It took me awhile to remember why I wrote this. I think someone was stringing random words together on a forum where I used to hang out, and came up with “Vagina Liaison.” Naturally, I took it and ran.
As a trained vagina liaison, I get asked alot of questions:
Q: When storing firewood in my vagina, how much is too much?
A: As much as is comfortable, provided you keep your vagina away from open flame.
Q: My husband and I smoke after sex, yet neither of us enjoy cigarettes. Why is that?
A: I’m not sure.
Q: Because I need to lubricate my vagina!
A: I see.
Q: My vagina sometimes emits a high-pitched squealing sound when decelerating. What is that?
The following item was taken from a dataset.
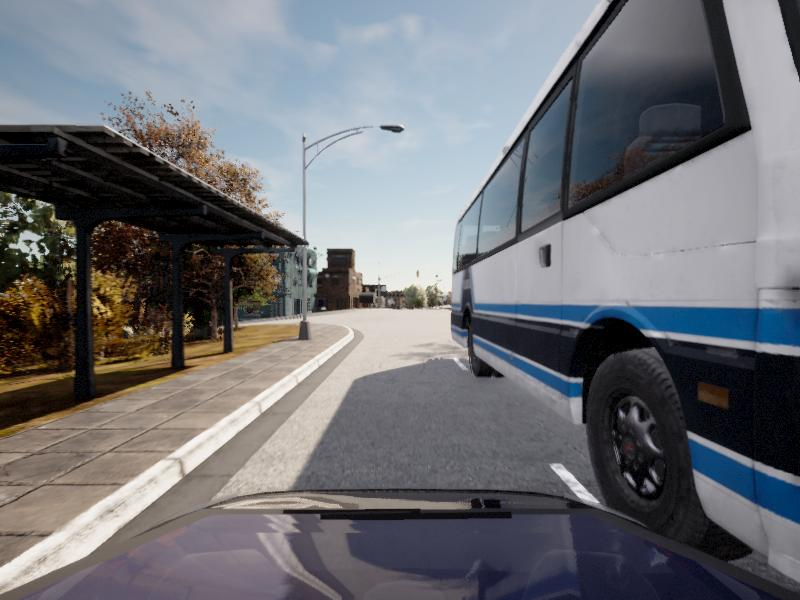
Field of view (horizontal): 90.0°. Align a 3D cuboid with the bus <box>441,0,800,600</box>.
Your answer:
[{"bbox_3d":[3.121,-0.530,6.065,3.944,4.253,10.273,0,0,0],"label":"bus"}]

A: Your vagina is a car, and will likely need new brake pads.
Q: Does the smell ever bother you?
A: Not at all. Some people even find it quite sensual.
Q: I suspect I have Beaver Fever. Is there any known cure?
A: I have the cure for you right here….
Q: Does anything rhyme with vagina?
A: Yes, but “mangina” isn’t a real word.
Q: If a vagina is smuggling drugs and then kills a bunch of cops, are you allowed to shoot it?
A: Not if it has diplomatic immunity.
Q: How do you become a vagina liaison?
A: Send a self addressed stamped envelope with a 15 dollar money order to:
Vagina Liaison Licensing Bureau
c/o: Robert Redford
2773 Wilshire Blvd
Los Angeles
California
Q: What bothers you most about your work?
A: All the splinters I get.
Q: What are you doing in bed with my wife?
A: ~lunges out the window into a tree, then scampers into the night.~
i thank you for your advice. it has helped me deeply.